Collected data entries:
________________________________________

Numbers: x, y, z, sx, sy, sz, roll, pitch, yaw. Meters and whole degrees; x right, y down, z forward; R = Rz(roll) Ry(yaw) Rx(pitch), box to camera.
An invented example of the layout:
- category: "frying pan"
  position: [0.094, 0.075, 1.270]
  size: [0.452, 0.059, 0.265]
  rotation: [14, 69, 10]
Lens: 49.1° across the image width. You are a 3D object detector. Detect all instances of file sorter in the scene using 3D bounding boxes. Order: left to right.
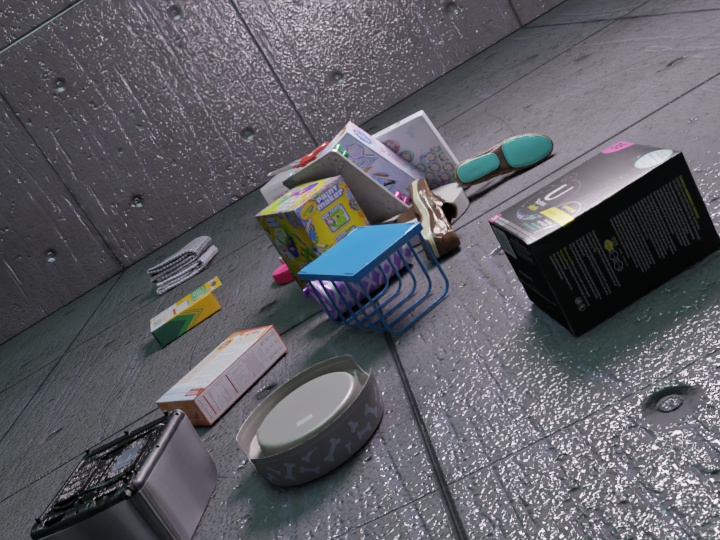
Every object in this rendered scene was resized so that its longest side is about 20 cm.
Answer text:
- category: "file sorter"
  position: [0.021, 0.015, 1.242]
  size: [0.139, 0.123, 0.200]
  rotation: [-38, 18, -22]

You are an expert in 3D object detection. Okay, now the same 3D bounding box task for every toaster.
- category: "toaster"
  position: [-0.298, 0.295, 1.005]
  size: [0.180, 0.119, 0.200]
  rotation: [-28, 16, 16]

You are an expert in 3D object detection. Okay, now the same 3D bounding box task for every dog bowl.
- category: "dog bowl"
  position: [-0.059, 0.189, 0.991]
  size: [0.199, 0.059, 0.200]
  rotation: [-30, 16, 10]

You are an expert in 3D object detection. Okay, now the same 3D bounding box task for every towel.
- category: "towel"
  position: [-0.567, -0.025, 2.504]
  size: [0.199, 0.086, 0.166]
  rotation: [-28, 16, 13]

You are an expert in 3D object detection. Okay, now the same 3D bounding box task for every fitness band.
- category: "fitness band"
  position: [-0.119, -0.039, 1.815]
  size: [0.200, 0.038, 0.144]
  rotation: [-37, 17, -15]

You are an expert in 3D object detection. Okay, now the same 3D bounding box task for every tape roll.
- category: "tape roll"
  position: [0.122, -0.106, 1.572]
  size: [0.202, 0.037, 0.203]
  rotation: [-30, 16, 9]

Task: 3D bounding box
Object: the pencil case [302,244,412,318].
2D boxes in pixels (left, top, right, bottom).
- category: "pencil case"
  position: [0.000, 0.000, 1.389]
  size: [0.200, 0.084, 0.085]
  rotation: [-36, 50, -20]

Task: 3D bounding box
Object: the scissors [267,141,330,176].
- category: "scissors"
  position: [-0.131, -0.212, 1.611]
  size: [0.200, 0.014, 0.073]
  rotation: [-37, -1, -40]

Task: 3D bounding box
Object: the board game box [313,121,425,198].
- category: "board game box"
  position: [-0.003, -0.186, 1.652]
  size: [0.200, 0.199, 0.041]
  rotation: [-41, 27, 38]

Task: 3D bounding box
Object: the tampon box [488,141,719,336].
- category: "tampon box"
  position: [0.283, -0.046, 0.934]
  size: [0.199, 0.127, 0.150]
  rotation: [-31, 17, -1]

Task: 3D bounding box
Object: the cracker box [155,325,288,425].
- category: "cracker box"
  position: [-0.235, 0.179, 1.342]
  size: [0.134, 0.058, 0.200]
  rotation: [-14, 23, 49]

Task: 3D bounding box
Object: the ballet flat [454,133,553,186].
- category: "ballet flat"
  position: [0.280, -0.215, 1.557]
  size: [0.199, 0.068, 0.072]
  rotation: [-23, -4, 6]

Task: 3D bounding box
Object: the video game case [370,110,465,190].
- category: "video game case"
  position: [0.105, -0.218, 1.645]
  size: [0.181, 0.200, 0.024]
  rotation: [-22, 35, 29]

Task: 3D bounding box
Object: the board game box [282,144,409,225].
- category: "board game box"
  position: [-0.030, -0.160, 1.594]
  size: [0.200, 0.200, 0.026]
  rotation: [-21, 40, 52]

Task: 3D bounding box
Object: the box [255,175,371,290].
- category: "box"
  position: [-0.076, -0.063, 1.522]
  size: [0.122, 0.193, 0.200]
  rotation: [-38, 18, -21]

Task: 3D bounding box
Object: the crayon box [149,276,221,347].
- category: "crayon box"
  position: [-0.416, 0.098, 1.924]
  size: [0.200, 0.052, 0.126]
  rotation: [-35, 16, -8]

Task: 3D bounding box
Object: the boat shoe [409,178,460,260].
- category: "boat shoe"
  position: [0.140, -0.098, 1.412]
  size: [0.075, 0.075, 0.203]
  rotation: [-20, 43, 12]

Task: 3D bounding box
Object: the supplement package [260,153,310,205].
- category: "supplement package"
  position: [-0.209, -0.267, 2.504]
  size: [0.117, 0.118, 0.200]
  rotation: [-23, 18, 29]

________________________________________

● **Assignment**:
Please, from the entries above, set down exactly the lines from the one containing "every fitness band." through the one containing "Object: the pencil case [302,244,412,318].", and only those.

● **Task solution**:
You are an expert in 3D object detection. Okay, now the same 3D bounding box task for every fitness band.
- category: "fitness band"
  position: [-0.119, -0.039, 1.815]
  size: [0.200, 0.038, 0.144]
  rotation: [-37, 17, -15]

You are an expert in 3D object detection. Okay, now the same 3D bounding box task for every tape roll.
- category: "tape roll"
  position: [0.122, -0.106, 1.572]
  size: [0.202, 0.037, 0.203]
  rotation: [-30, 16, 9]

Task: 3D bounding box
Object: the pencil case [302,244,412,318].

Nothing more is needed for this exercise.